How to shutdown and startup a Multi Master PKS cluster

Products

VMware Tanzu Kubernetes Grid Integrated Edition

Issue/Introduction

This article describes how to safely shutdown and startup a Multi Master PKS cluster. The Multi Master feature was introduced in PKS version 1.2.0 and therefore this procedure supports any PKS release after v1.2.0.

The BOSH deployment stop command does not follow the sequence needed for Kubernetes to shutdown cleanly. It is intended that the Worker VMs are shut down first and then the Master VMs are shut down.

Environment

Cause

The Multi Master feature currently only supports 3 Master Nodes, this is due to the fact that etcd is currently co-located with the kube-apiserver process on the Master Virtual Machine (VM).

The BOSH deployment stop command does not follow the sequence needed for Kubernetes to shutdown cleanly. It is intended that the Worker VMs are shut down first and then the Master VMs are shut down.

Furthermore, to bring the etcd cluster back up after shutdown, you need a minimum of 2 etcd services running to establish quorum.
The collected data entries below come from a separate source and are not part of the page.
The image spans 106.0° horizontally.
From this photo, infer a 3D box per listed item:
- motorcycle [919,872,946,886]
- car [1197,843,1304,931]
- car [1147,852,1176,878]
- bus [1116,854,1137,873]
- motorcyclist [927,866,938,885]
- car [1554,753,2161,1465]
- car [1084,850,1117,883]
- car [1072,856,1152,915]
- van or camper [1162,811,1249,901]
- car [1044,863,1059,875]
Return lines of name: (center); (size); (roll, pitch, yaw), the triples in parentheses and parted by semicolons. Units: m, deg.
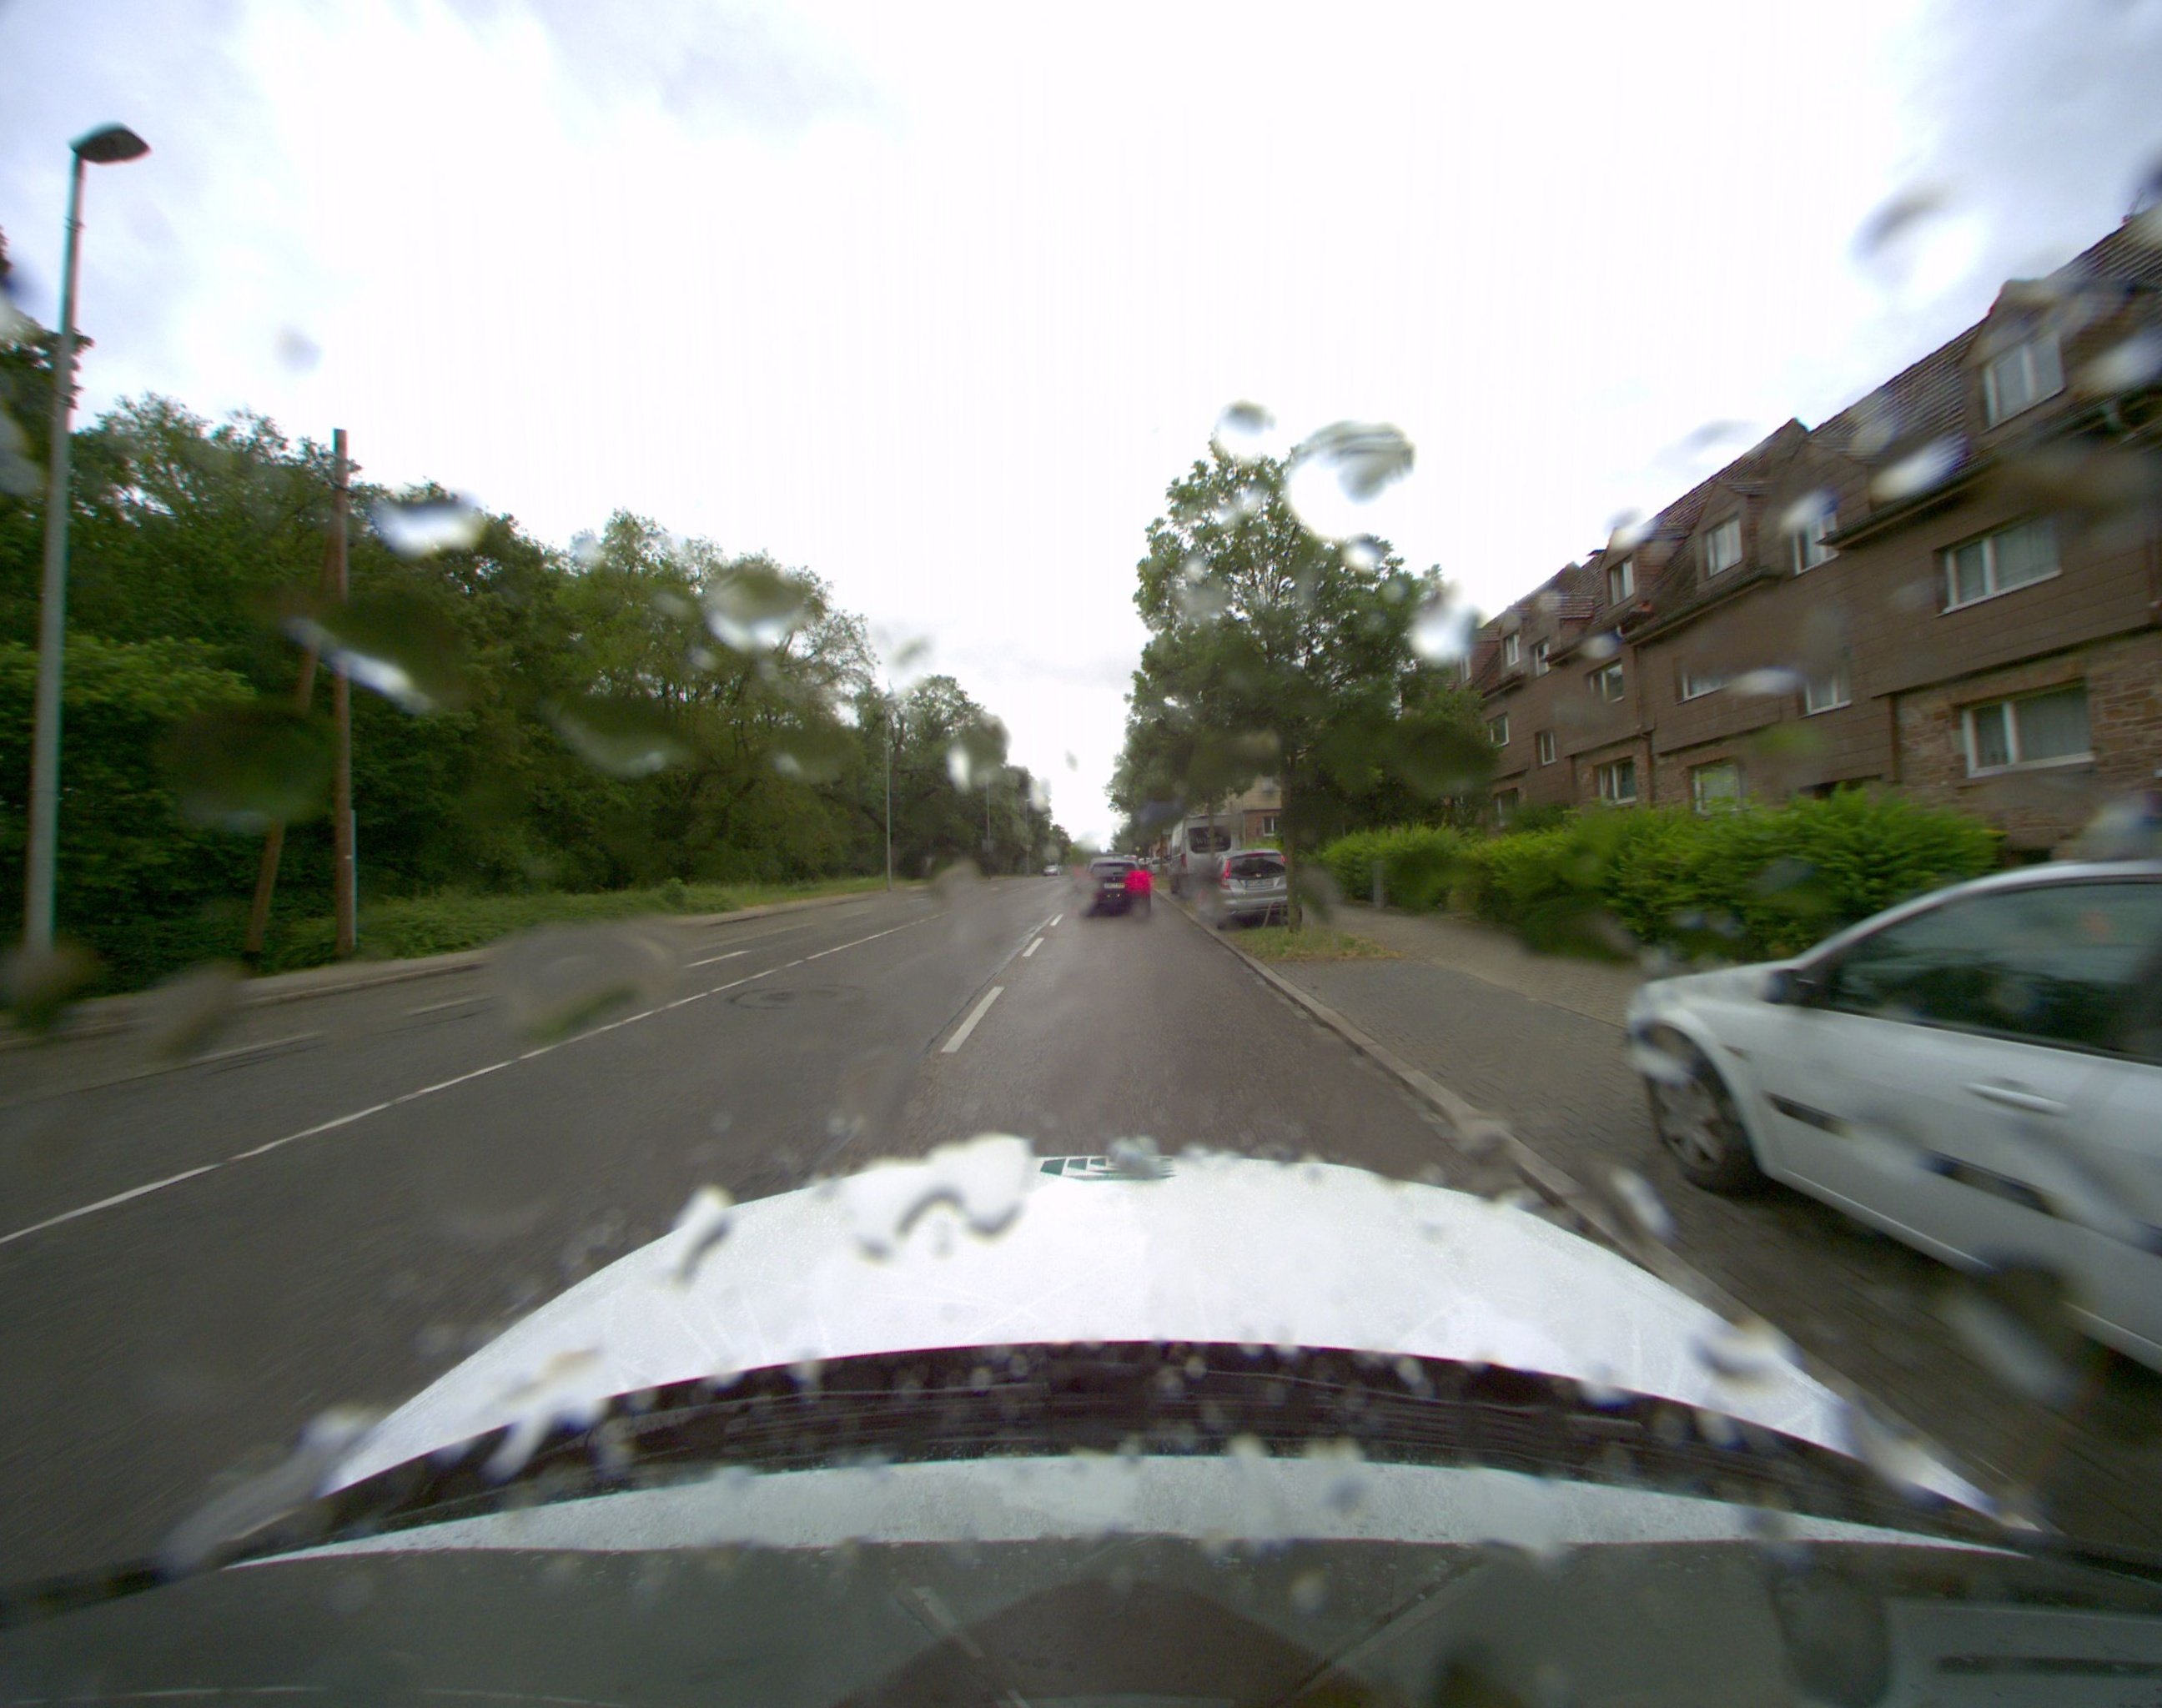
motorcycle: (-13.103, 2.200, 71.709); (2.165, 1.118, 0.827); (-1, 0, 15)
car: (3.482, 0.640, 17.320); (1.661, 1.528, 3.836); (-5, -1, 5)
car: (5.557, 0.703, 56.902); (1.694, 1.584, 4.647); (-5, 0, 3)
bus: (7.361, 1.519, 130.815); (2.608, 2.847, 8.307); (-3, -1, 8)
motorcyclist: (-13.069, 1.892, 71.698); (0.644, 1.681, 0.817); (-1, 0, 16)
car: (3.327, 0.521, 2.139); (1.815, 1.602, 4.480); (-4, 0, 5)
car: (1.328, 0.790, 52.719); (1.985, 2.014, 4.002); (-1, -1, 3)
car: (0.836, 0.819, 22.450); (1.986, 1.453, 4.001); (1, -1, 1)
van or camper: (4.220, 0.064, 28.923); (2.189, 2.651, 7.307); (-4, 0, 3)
car: (-4.086, 2.095, 113.583); (1.684, 1.483, 4.451); (-4, -1, 0)

The following procedure has been created to meet these requirements.

Resolution

This procedure will allow you to successfully stop and start a Multi Master PKS Cluster:

Part 1: Shutdown the Multi Master PKS Cluster

1. Note the BOSH deployment name of your PKS cluster, it will be in the form of "service-instance_<cluster uuid>".

2. Get the BOSH VMs output for the PKS cluster deployment and confirm all services are running on each VM in the cluster.

bosh -d service-instance_xxxxxxxxxx is --ps

Note: If the cluster is not healthy it may cause issues after startup that are not related to this shutdown or startup procedure.

3. Stop the workers by executing the following command:

bosh -d service-instance_xxxxxxxxx stop worker

4. Stop the Masters by executing the following command:

bosh -d service-instance_xxxxxxxxxx stop master

5. Confirm the processes for all VMs are now showing unknown and the status of the VMs shows stopped.

bosh -d service-instance_xxxxxxxxxx is --ps

Part 2: Startup the Multi Master PKS Cluster

1. BOSH SSH to the first Master VM (master/0), sudo -i (switch to root user) and start the etcd service. Run monit summary to confirm the etcd service is now running and exit from the Master VM.

bosh -d service-instance_xxxxxxxxxx ssh master/0

sudo -i

monit start etcd

monit summary

exit

2. Start the next Master VM using the BOSH start command. This will bring all services up on Master index 1 VM.

bosh -d service-instance_xxxxxxxxxxxx start master/1

3. At this stage you will have the etcd service running on 2 Master VMs which means etcd has quorum once again. Run the following BOSH commands within the Master instance group to bring up the remaining services.

bosh -d service-instance_xxxxxxxxxx start master/2

Wait for master/2 to start.

bosh -d service-instance_xxxxxxxxxx ssh master/0 "sudo monit stop all"
bosh -d service-instance_xxxxxxxxxx start master/0

4. Confirm that all services for each master VM are now up and running.

bosh -d service-instance_xxxxxxxxxxx is --ps

5. Next start the worker VMs:

bosh -d service-instance_xxxxxxxxxxx start worker

6. The cluster should be back up and running now. Use BOSH is --ps to confirm all services are running for each VM.

bosh -d service-instance_xxxxxxxxxx is --ps

7. Confirm the componentstatus of Kubernetes shows all 3 etcd services are Healthy

kubectl get componentstatus